Created on 16. September 2021

E-Akte Bund

The Prussian Cultural Heritage Foundation (SPK) unites museums, libraries, archives and scientific institutes under one roof. Its holdings and collections contain unique testimonies to the history of mankind and form the basis of intensive research and outreach work. The SPK is a federal foundation under public law with headquarters in Berlin and currently employs around 2,000 people. This makes it the largest employer in the cultural sector in Germany. The federal government and all 16 federal states jointly finance the foundation and also cooperate in its committees.


The introduction of the federal electronic records management system forms a central building block within the SPK's digital strategy. Due to its organizational structure, which comprises five relatively autonomous institutions with different locations and at the same time bundles certain tasks centrally, the SPK will benefit in particular from the introduction of the electronic records management system. Document-based business processes can finally be carried out digitally across all locations. Collaboration on documents will become easier, and e-mail inboxes and file systems will be relieved. At the same time, the structure of the SPK presents the project with the challenge of finding an appropriate balance between central requirements and local regulatory competencies, so that the e-file has the lowest possible barriers to entry and can be used profitably by all employees.
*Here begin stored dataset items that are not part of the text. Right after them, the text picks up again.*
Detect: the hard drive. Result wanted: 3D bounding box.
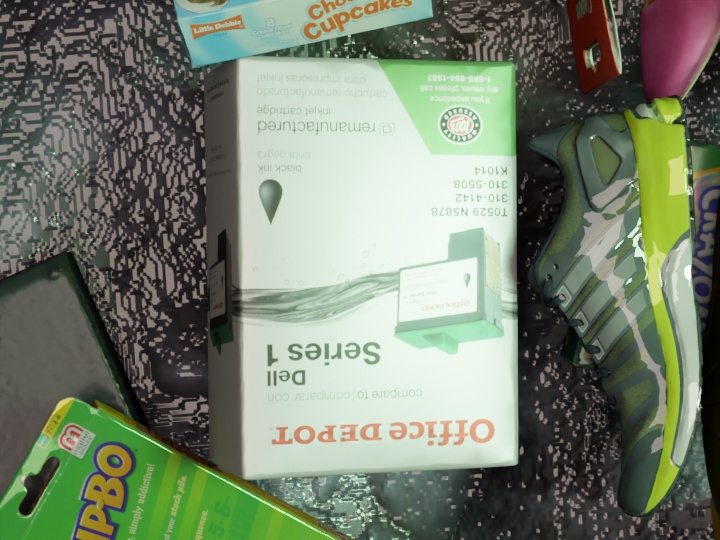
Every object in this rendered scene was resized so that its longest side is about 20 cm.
[{"bbox_3d":[-0.214,0.094,0.806,0.199,0.033,0.140,-24,91,0],"label":"hard drive"}]

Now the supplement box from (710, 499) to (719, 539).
[{"bbox_3d":[0.290,0.177,0.731,0.196,0.200,0.134,-7,91,-1],"label":"supplement box"}]

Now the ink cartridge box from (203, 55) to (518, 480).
[{"bbox_3d":[0.000,0.000,0.768,0.145,0.084,0.201,-2,90,-16],"label":"ink cartridge box"}]

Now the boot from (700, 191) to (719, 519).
[{"bbox_3d":[0.246,0.031,0.740,0.154,0.072,0.201,7,83,-1],"label":"boot"}]

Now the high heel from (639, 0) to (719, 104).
[{"bbox_3d":[0.145,-0.183,0.785,0.095,0.067,0.201,15,86,-11],"label":"high heel"}]

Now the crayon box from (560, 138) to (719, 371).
[{"bbox_3d":[0.217,0.010,0.802,0.199,0.052,0.126,13,91,-1],"label":"crayon box"}]

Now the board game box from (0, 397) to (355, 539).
[{"bbox_3d":[-0.088,0.147,0.789,0.199,0.030,0.096,31,90,-19],"label":"board game box"}]

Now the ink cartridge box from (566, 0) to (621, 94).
[{"bbox_3d":[0.077,-0.185,0.768,0.050,0.109,0.201,-12,91,-1],"label":"ink cartridge box"}]

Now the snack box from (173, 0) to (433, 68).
[{"bbox_3d":[-0.042,-0.192,0.750,0.116,0.037,0.201,-13,56,-1],"label":"snack box"}]

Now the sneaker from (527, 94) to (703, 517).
[{"bbox_3d":[0.123,0.018,0.749,0.080,0.074,0.201,-3,85,11],"label":"sneaker"}]
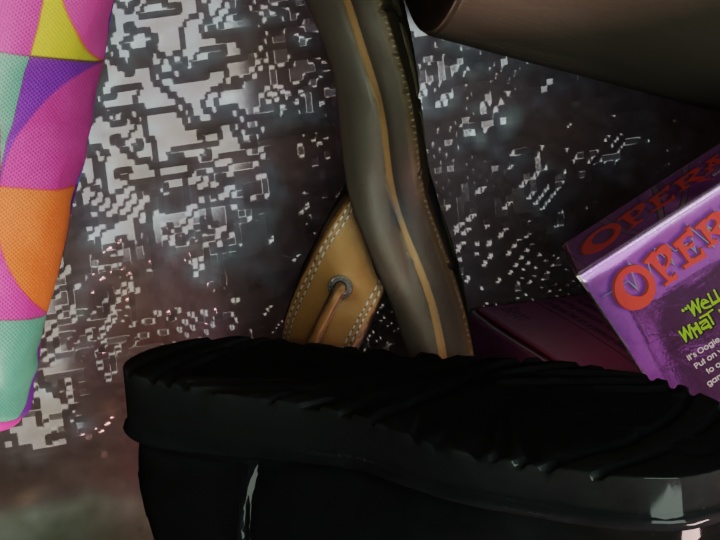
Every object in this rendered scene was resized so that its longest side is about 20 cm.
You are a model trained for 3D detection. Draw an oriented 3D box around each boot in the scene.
[{"bbox_3d":[0.016,0.107,0.695,0.073,0.198,0.163,-22,112,-53],"label":"boot"}]

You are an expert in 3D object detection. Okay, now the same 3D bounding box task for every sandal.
[{"bbox_3d":[0.000,0.000,0.744,0.054,0.082,0.201,-12,106,4],"label":"sandal"}]

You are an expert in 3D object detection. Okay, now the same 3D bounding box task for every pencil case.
[{"bbox_3d":[-0.111,-0.059,0.696,0.088,0.088,0.201,7,98,-17],"label":"pencil case"}]

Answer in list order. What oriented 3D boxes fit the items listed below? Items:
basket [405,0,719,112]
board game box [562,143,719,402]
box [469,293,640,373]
[{"bbox_3d":[0.118,-0.111,0.727,0.199,0.136,0.181,3,87,-12],"label":"basket"},{"bbox_3d":[0.167,-0.010,0.687,0.200,0.032,0.120,-32,113,6],"label":"board game box"},{"bbox_3d":[0.144,0.093,0.791,0.199,0.097,0.177,-7,102,-15],"label":"box"}]
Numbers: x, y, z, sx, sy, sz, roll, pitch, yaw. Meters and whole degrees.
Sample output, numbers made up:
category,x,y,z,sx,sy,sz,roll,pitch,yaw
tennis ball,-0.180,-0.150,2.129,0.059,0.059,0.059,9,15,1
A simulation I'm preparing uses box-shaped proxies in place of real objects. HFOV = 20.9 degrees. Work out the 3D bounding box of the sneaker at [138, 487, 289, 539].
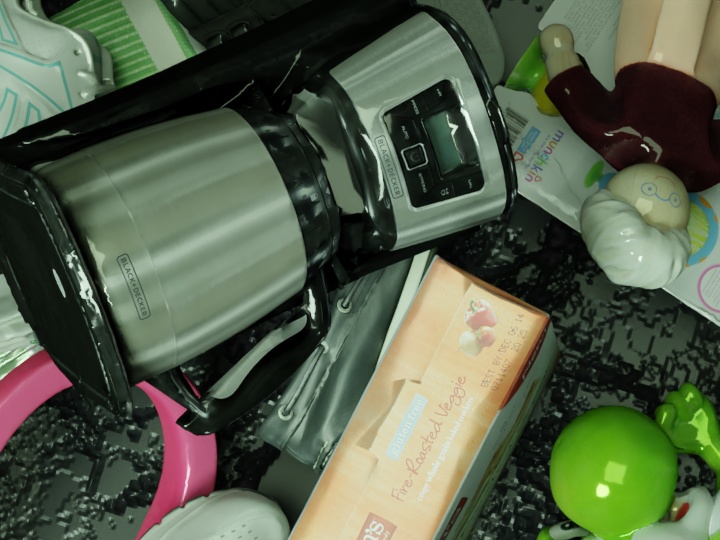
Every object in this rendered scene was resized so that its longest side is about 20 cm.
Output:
category,x,y,z,sx,sy,sz,roll,pitch,yaw
sneaker,-0.093,0.193,0.912,0.074,0.087,0.201,42,76,-29

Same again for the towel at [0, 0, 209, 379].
category,x,y,z,sx,sy,sz,roll,pitch,yaw
towel,-0.152,-0.049,1.004,0.199,0.023,0.153,-31,79,5

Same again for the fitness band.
category,x,y,z,sx,sy,sz,roll,pitch,yaw
fitness band,-0.147,0.126,0.928,0.037,0.143,0.201,23,86,55

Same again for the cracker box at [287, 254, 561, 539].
category,x,y,z,sx,sy,sz,roll,pitch,yaw
cracker box,0.035,0.076,0.869,0.057,0.200,0.135,27,88,10

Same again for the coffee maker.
category,x,y,z,sx,sy,sz,roll,pitch,yaw
coffee maker,-0.059,-0.046,0.842,0.199,0.136,0.192,-25,42,-19

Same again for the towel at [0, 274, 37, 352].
category,x,y,z,sx,sy,sz,roll,pitch,yaw
towel,-0.254,0.010,0.923,0.198,0.031,0.149,-18,45,-19

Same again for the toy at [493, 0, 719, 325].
category,x,y,z,sx,sy,sz,roll,pitch,yaw
toy,0.155,-0.043,0.941,0.199,0.047,0.116,35,75,0

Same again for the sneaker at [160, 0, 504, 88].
category,x,y,z,sx,sy,sz,roll,pitch,yaw
sneaker,-0.023,-0.133,0.967,0.200,0.071,0.099,39,129,5

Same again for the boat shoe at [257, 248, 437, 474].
category,x,y,z,sx,sy,sz,roll,pitch,yaw
boat shoe,0.000,0.000,0.948,0.066,0.075,0.201,17,91,3

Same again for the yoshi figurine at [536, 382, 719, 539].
category,x,y,z,sx,sy,sz,roll,pitch,yaw
yoshi figurine,0.171,0.098,0.900,0.198,0.112,0.113,-13,70,8

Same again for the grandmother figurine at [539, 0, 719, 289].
category,x,y,z,sx,sy,sz,roll,pitch,yaw
grandmother figurine,0.138,-0.083,0.894,0.120,0.061,0.202,13,65,3

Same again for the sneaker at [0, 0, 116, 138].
category,x,y,z,sx,sy,sz,roll,pitch,yaw
sneaker,-0.151,-0.074,0.961,0.080,0.070,0.201,-35,77,1
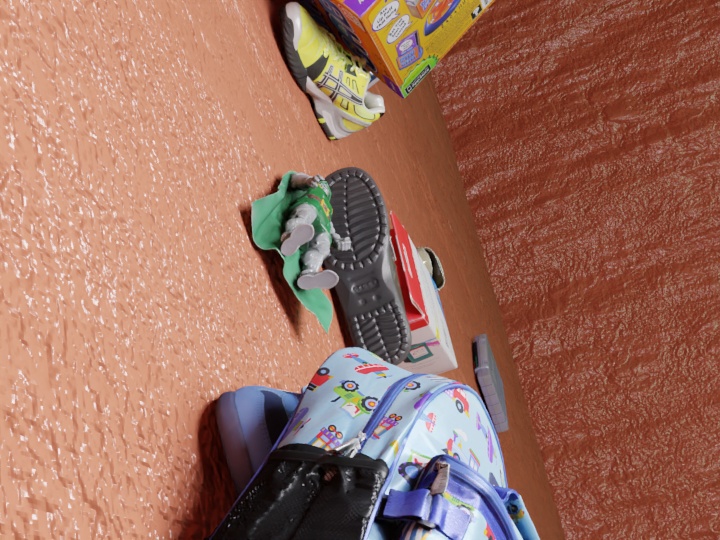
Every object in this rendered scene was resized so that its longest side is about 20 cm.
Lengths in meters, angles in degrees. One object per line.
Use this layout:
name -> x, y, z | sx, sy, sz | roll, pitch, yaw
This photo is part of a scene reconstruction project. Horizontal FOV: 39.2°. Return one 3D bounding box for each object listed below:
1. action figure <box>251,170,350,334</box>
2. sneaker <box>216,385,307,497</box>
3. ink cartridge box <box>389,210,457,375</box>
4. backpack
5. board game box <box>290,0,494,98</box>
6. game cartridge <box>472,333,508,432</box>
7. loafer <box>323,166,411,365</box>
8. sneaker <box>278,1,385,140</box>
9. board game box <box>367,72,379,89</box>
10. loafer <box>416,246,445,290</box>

Within the SPK, the "Geheimes Staatsarchiv Preußischer Kulturbesitz" (Prussian Cultural Heritage Secret State Archive) has taken over the lead for the introduction process. In the first half of 2021, the successful piloting took place in selected organizational units. In the meantime, 100 employees are working productively with the system. The next milestone is the start of the roll-out, which everyone involved hopes will quickly overcome the media disruptions that still exist.